** LEGAL UPDATE **
In a case that was closely watched by patent holders and their lawyers, the U.S. Supreme Court held that patent holders may be entitled to recover lost foreign profits from certain types of infringement. Learn more about the background and implications of WesternGeco LLC v. ION Geophysical Corp. (2018).
WesternGeco is an American company that performs various surveys of the ocean floor for oil and gas companies. It does so using so-called "lateral-steering technology" to produce high-quality data. Its technology is protected by four patents, which it does not license to other companies but rather uses itself.
Sometime in 2007, ION Geophysical Corporation started selling a competing system for ocean surveying. The components were manufactured within the United States and then sold to companies abroad, which would then compete directly with WesternGeco.
After learning of the nature of the components that were sold, WesternGeco sued for patent infringement, citing Sections 271(f)(1)-(2) of the Patent Act, the primary legislation controlling patents in the United States. WesternGeco won the trial and the jury found that ION had infringed on WesternGeco's duly-owned patents. During the trial, WesternGeco also established that it lost many surveying contracts due to ION's infringement. Consequently, the jury awarded nearly $100 million in lost profits.
ION filed a motion to the trial judge arguing that this damage amount should be set aside as a matter of law. The motion asserted that Section 271(f) of the Patent Act applies only within the United States, and not to damages that occurred outside of the United States. The trial court denied ION's motion. However, the U.S. Court of Appeals for the Federal Circuit―which oversees most patent-related appeals―reversed the trial court and denied the award of lost profits. The Federal Circuit agreed with ION that the Patent Act does not permit patent owners to recover damages associated with lost foreign sales.
The U.S. Supreme Court agreed to hear the case to resolve the issue of whether awarding damages for lost foreign profits to a patent owner who proves patent infringement under 35 U.S.C. § 271(f)(2) is compatible with the broad legal presumption that federal statutes apply only within the territorial jurisdiction of the United States.
In a 7-2 decision released on June 22, 2018 authored by Justice Clarence Thomas, the U.S. Supreme Court reversed and remanded the decision of the U.S. Court of Appeals for the Federal Circuit. In doing so, the Court found that patent owners could indeed seek lost profit damages for sales of infringed products abroad.
The Court's decision interpreted 35 U.S.C. § 271(f)(2), which permits liability for patent infringement when an infringer ships components of a patented invention outside of the United States and that invention is then assembled or used in a manner that would constitute patent infringement within the United States: "Whoever without authority supplies... from the United States any component of a patented invention that is especially made or especially adapted for use in the invention... intending that such component will be combined outside of the United States in a manner that would infringe the patent if such combination occurred within the United States, shall be liable as an infringer."

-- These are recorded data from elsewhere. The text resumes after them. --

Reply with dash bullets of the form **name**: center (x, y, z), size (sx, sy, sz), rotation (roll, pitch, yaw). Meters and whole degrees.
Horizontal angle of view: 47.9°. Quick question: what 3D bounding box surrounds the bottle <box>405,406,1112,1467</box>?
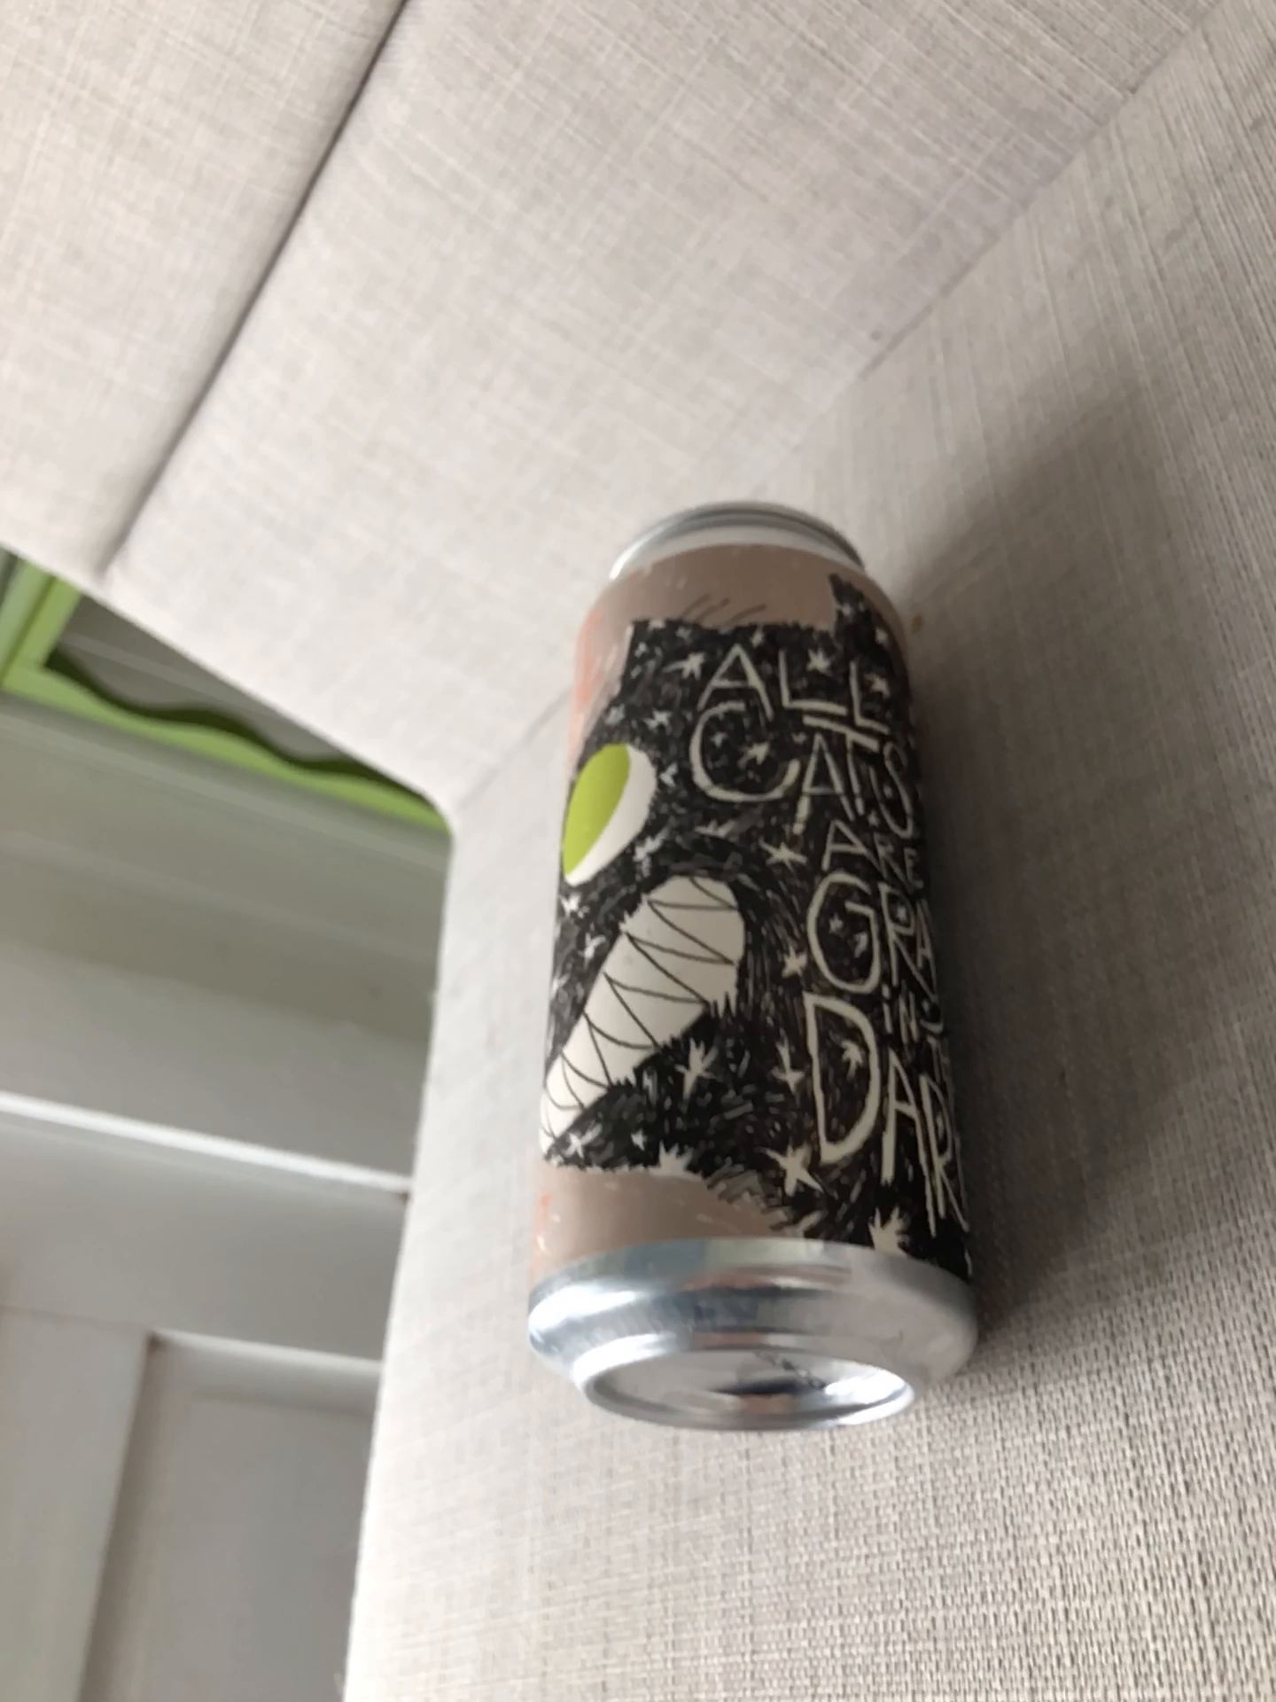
- **bottle**: center (0.013, 0.014, 0.242), size (0.070, 0.070, 0.151), rotation (-40, 41, 43)
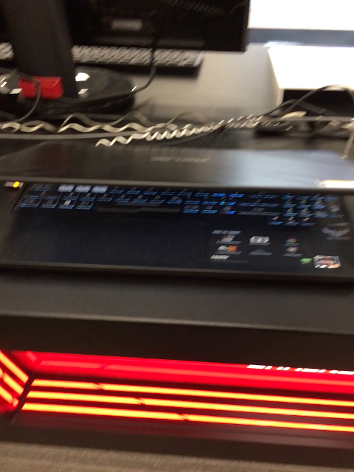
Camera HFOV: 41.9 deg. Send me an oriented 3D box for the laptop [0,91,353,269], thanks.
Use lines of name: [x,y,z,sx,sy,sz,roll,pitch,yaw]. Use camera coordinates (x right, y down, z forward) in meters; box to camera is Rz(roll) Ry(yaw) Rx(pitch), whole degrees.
laptop: [-0.003,-0.075,0.517,0.399,0.089,0.236,1,41,3]

Another provision of the Patent Act, 35 U.S.C. § 284, permits patent owners who successfully prove infringement, including under § 271, to obtain money damages. However, both sections are silent on the question of whether lost profits outside of the United States are appropriate damages for a successful plaintiff.
Meanwhile, the Supreme Court noted, "Courts presume that federal statutes 'apply only within the territorial jurisdiction of the United States.'" This principle, known as the presumption against extraterritoriality, "has deep roots" in American law.
Resolving that doctrinal conflict, the Supreme Court held that awarding damages for foreign lost profits is permissible under the Patent Act, and does not conflict with any presumptions against extraterritorial applications of federal law.
WesternGeco creates a new avenue for patent holders to collect lost profits from foreign sales resulting from infringement. While this decision is somewhat unlikely to have major implications for smaller amateur inventors, whose inventions are not infringed at a large scale internationally, the case could be significant for larger entities who must worry about global infringement.